• Given information

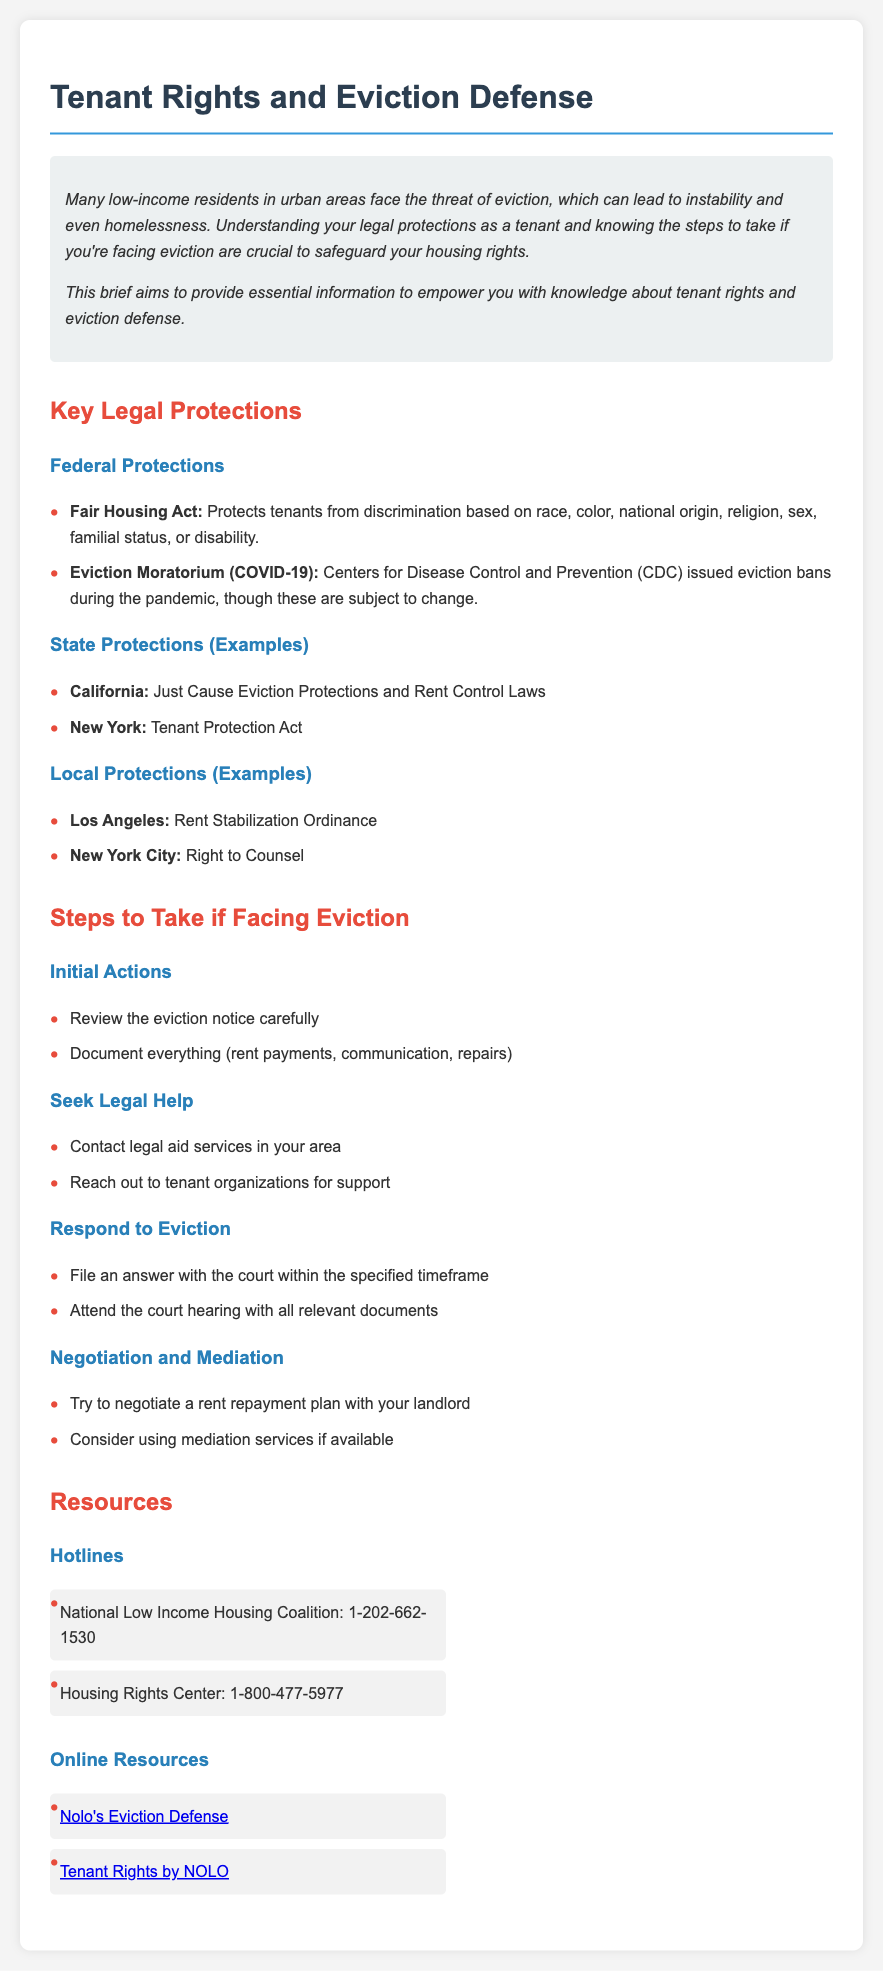what is the title of the document? The title of the document is stated in the <title> tag within the HTML, which outlines the subject of tenant rights and eviction defense.
Answer: Tenant Rights and Eviction Defense who issued the eviction moratorium during the pandemic? The document mentions the CDC, which is the Center for Disease Control and Prevention, as the issuer of the eviction moratorium.
Answer: CDC what should you document if facing eviction? The document lists various forms of documentation that should be kept, focusing on important aspects necessary for legal preparation.
Answer: everything (rent payments, communication, repairs) what are the initial actions to take when faced with eviction? The document specifies two preliminary steps to undertake upon receiving an eviction notice, emphasizing the importance of careful review and documentation.
Answer: Review the eviction notice carefully, Document everything which organization provides a hotline for low-income housing? The document cites a specific national organization that addresses housing issues for low-income residents and offers a help hotline.
Answer: National Low Income Housing Coalition what is one suggested negotiation tactic in the document? The document lists a strategy related to financial discussions, aimed at improving one’s standing during eviction disputes through direct communication with the landlord.
Answer: negotiate a rent repayment plan name one local protection example mentioned. The document provides examples of local tenant protections, highlighting specific regulations in different urban areas for tenant security.
Answer: Rent Stabilization Ordinance what should you do if you receive an eviction notice? The document indicates a specific first action that tenants should take to protect their rights upon receiving an eviction notice, signaling its legal importance.
Answer: Review the eviction notice carefully

• Task item
Repeat all of the entries above word for word and omit the pictures.

• Solved problem
what is the title of the document? The title of the document is stated in the <title> tag within the HTML, which outlines the subject of tenant rights and eviction defense.
Answer: Tenant Rights and Eviction Defense who issued the eviction moratorium during the pandemic? The document mentions the CDC, which is the Center for Disease Control and Prevention, as the issuer of the eviction moratorium.
Answer: CDC what should you document if facing eviction? The document lists various forms of documentation that should be kept, focusing on important aspects necessary for legal preparation.
Answer: everything (rent payments, communication, repairs) what are the initial actions to take when faced with eviction? The document specifies two preliminary steps to undertake upon receiving an eviction notice, emphasizing the importance of careful review and documentation.
Answer: Review the eviction notice carefully, Document everything which organization provides a hotline for low-income housing? The document cites a specific national organization that addresses housing issues for low-income residents and offers a help hotline.
Answer: National Low Income Housing Coalition what is one suggested negotiation tactic in the document? The document lists a strategy related to financial discussions, aimed at improving one’s standing during eviction disputes through direct communication with the landlord.
Answer: negotiate a rent repayment plan name one local protection example mentioned. The document provides examples of local tenant protections, highlighting specific regulations in different urban areas for tenant security.
Answer: Rent Stabilization Ordinance what should you do if you receive an eviction notice? The document indicates a specific first action that tenants should take to protect their rights upon receiving an eviction notice, signaling its legal importance.
Answer: Review the eviction notice carefully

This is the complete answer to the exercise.